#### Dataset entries

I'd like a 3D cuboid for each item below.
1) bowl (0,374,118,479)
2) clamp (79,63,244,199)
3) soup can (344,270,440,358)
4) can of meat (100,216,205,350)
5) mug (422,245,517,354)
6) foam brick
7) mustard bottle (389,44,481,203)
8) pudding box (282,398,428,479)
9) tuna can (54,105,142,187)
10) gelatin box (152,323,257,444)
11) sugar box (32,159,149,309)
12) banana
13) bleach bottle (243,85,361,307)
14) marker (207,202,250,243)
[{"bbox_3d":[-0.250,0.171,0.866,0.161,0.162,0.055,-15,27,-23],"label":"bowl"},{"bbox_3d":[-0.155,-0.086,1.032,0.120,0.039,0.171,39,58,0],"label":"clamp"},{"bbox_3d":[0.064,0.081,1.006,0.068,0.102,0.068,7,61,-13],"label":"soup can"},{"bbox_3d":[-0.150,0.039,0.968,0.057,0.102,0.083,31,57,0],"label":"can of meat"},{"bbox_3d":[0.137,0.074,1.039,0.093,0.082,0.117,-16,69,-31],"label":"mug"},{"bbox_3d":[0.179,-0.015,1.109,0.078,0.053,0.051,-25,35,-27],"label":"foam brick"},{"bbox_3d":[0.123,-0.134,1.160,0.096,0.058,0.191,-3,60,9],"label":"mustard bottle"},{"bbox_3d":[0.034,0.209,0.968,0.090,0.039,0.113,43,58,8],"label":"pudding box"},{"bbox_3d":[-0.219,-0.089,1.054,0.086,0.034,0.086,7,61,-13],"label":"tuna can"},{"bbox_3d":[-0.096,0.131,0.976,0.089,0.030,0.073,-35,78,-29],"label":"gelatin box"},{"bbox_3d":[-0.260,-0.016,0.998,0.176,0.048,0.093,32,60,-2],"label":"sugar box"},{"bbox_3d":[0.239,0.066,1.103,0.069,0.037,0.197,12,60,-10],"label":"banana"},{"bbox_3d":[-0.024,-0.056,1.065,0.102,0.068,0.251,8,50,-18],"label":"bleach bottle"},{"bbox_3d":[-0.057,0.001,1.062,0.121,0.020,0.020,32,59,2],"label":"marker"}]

#### Directions for this task
In full and without alteration, repeat the records.

#### Task solution
I'd like a 3D cuboid for each item below.
1) bowl (0,374,118,479)
2) clamp (79,63,244,199)
3) soup can (344,270,440,358)
4) can of meat (100,216,205,350)
5) mug (422,245,517,354)
6) foam brick
7) mustard bottle (389,44,481,203)
8) pudding box (282,398,428,479)
9) tuna can (54,105,142,187)
10) gelatin box (152,323,257,444)
11) sugar box (32,159,149,309)
12) banana
13) bleach bottle (243,85,361,307)
14) marker (207,202,250,243)
[{"bbox_3d":[-0.250,0.171,0.866,0.161,0.162,0.055,-15,27,-23],"label":"bowl"},{"bbox_3d":[-0.155,-0.086,1.032,0.120,0.039,0.171,39,58,0],"label":"clamp"},{"bbox_3d":[0.064,0.081,1.006,0.068,0.102,0.068,7,61,-13],"label":"soup can"},{"bbox_3d":[-0.150,0.039,0.968,0.057,0.102,0.083,31,57,0],"label":"can of meat"},{"bbox_3d":[0.137,0.074,1.039,0.093,0.082,0.117,-16,69,-31],"label":"mug"},{"bbox_3d":[0.179,-0.015,1.109,0.078,0.053,0.051,-25,35,-27],"label":"foam brick"},{"bbox_3d":[0.123,-0.134,1.160,0.096,0.058,0.191,-3,60,9],"label":"mustard bottle"},{"bbox_3d":[0.034,0.209,0.968,0.090,0.039,0.113,43,58,8],"label":"pudding box"},{"bbox_3d":[-0.219,-0.089,1.054,0.086,0.034,0.086,7,61,-13],"label":"tuna can"},{"bbox_3d":[-0.096,0.131,0.976,0.089,0.030,0.073,-35,78,-29],"label":"gelatin box"},{"bbox_3d":[-0.260,-0.016,0.998,0.176,0.048,0.093,32,60,-2],"label":"sugar box"},{"bbox_3d":[0.239,0.066,1.103,0.069,0.037,0.197,12,60,-10],"label":"banana"},{"bbox_3d":[-0.024,-0.056,1.065,0.102,0.068,0.251,8,50,-18],"label":"bleach bottle"},{"bbox_3d":[-0.057,0.001,1.062,0.121,0.020,0.020,32,59,2],"label":"marker"}]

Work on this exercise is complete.